Passed on from parents to their children from birth.

Intellectual delay

Where a child does not reach the same level of functioning in one or more major life activities such as self-care, language, learning, mobility, self-direction, independent living, and economic self-sufficiency. Also known as ‘developmental delay’.

Intellectual disability

An intellectual level significantly below average (assessed IQ less than 70), occurring before the age of 18 years. This must be combined with related limitations in two or more of the following areas: communication, self-care, home living, social skills, community awareness, self-direction, health and safety, functional academics, leisure & work.

Involuntary

Done without meaning to. Unintentional.

Paralysis

Loss of power or voluntary movement in a muscle through injury or disease of its nerve supply.

Paraplegia

Paralysis of both lower limbs, and generally, the lower trunk.

Posture

Body position.

Premature (birth)

When a baby is born 3 or more weeks earlier than the due date.

Progressive condition

A condition that develops or gets worse over time.

Respiratory failure

Not being able to breath properly to get oxygen into the blood-stream.

Shunt

A tube inserted into a part of the body to divert or empty extra fluid.

Spasticity

The increased stiffness or ‘muscle tone’ felt in children with cerebral palsy.
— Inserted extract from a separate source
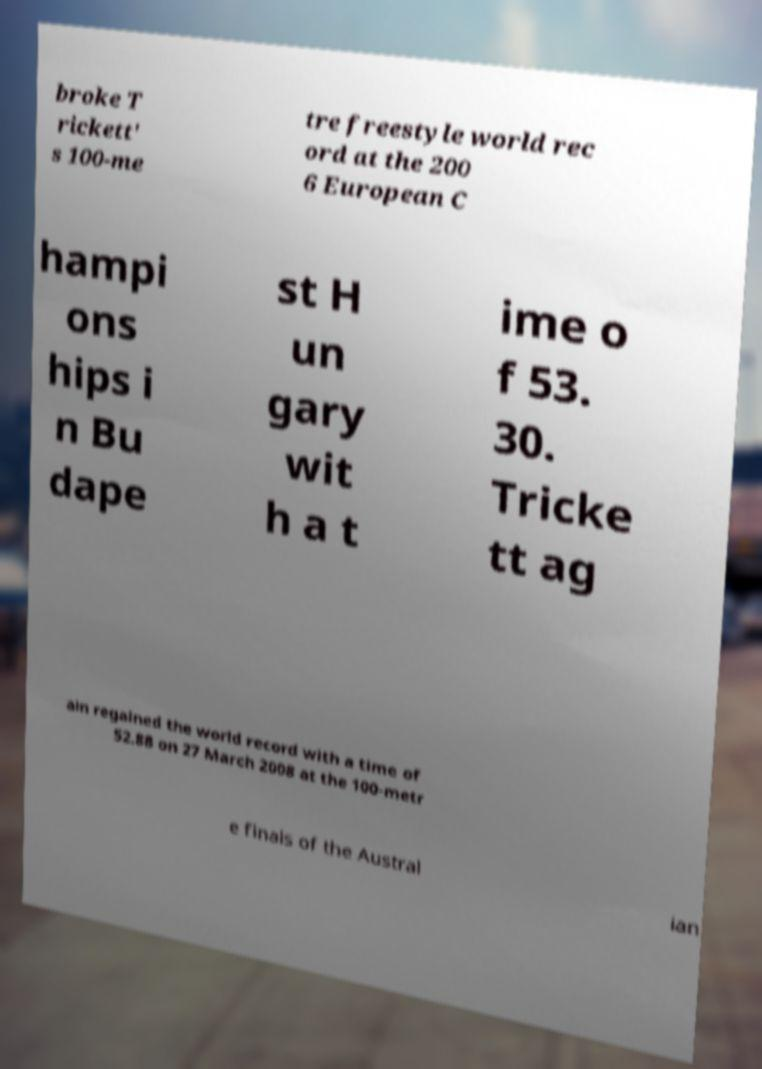I need the written content from this picture converted into text. Can you do that? broke T rickett' s 100-me tre freestyle world rec ord at the 200 6 European C hampi ons hips i n Bu dape st H un gary wit h a t ime o f 53. 30. Tricke tt ag ain regained the world record with a time of 52.88 on 27 March 2008 at the 100-metr e finals of the Austral ian 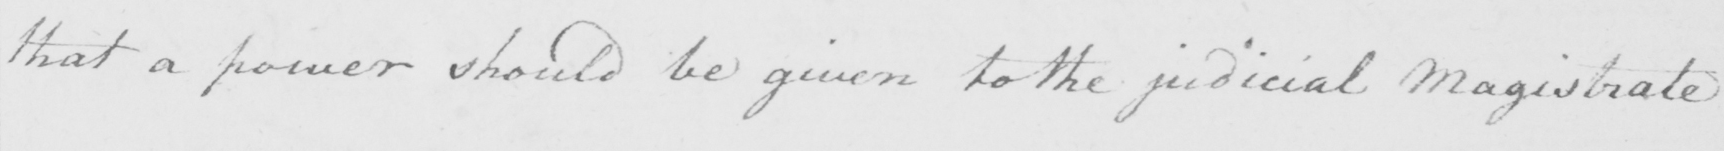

Muscle spasm can often be felt when such a child’s limbs are moved. The limbs are hard to bend or straighten because of the spasticity of the muscles. The doctor usually finds increased tendon jerks in a child with spasticity.

Spinal cord

The nerves that run down the back inside the back-bone.

Splint (hand)

A custom-made or ‘off the shelf’ support which is worn on the hand to hold it in a fixed position - usually made from materials such as low temperature thermoplastic (plastic material which is mouldable when heated), neoprene and lycra.

Suppository

Medicine in a material that melts at body temperature and is inserted into the rectum (the lower part of the large intestine).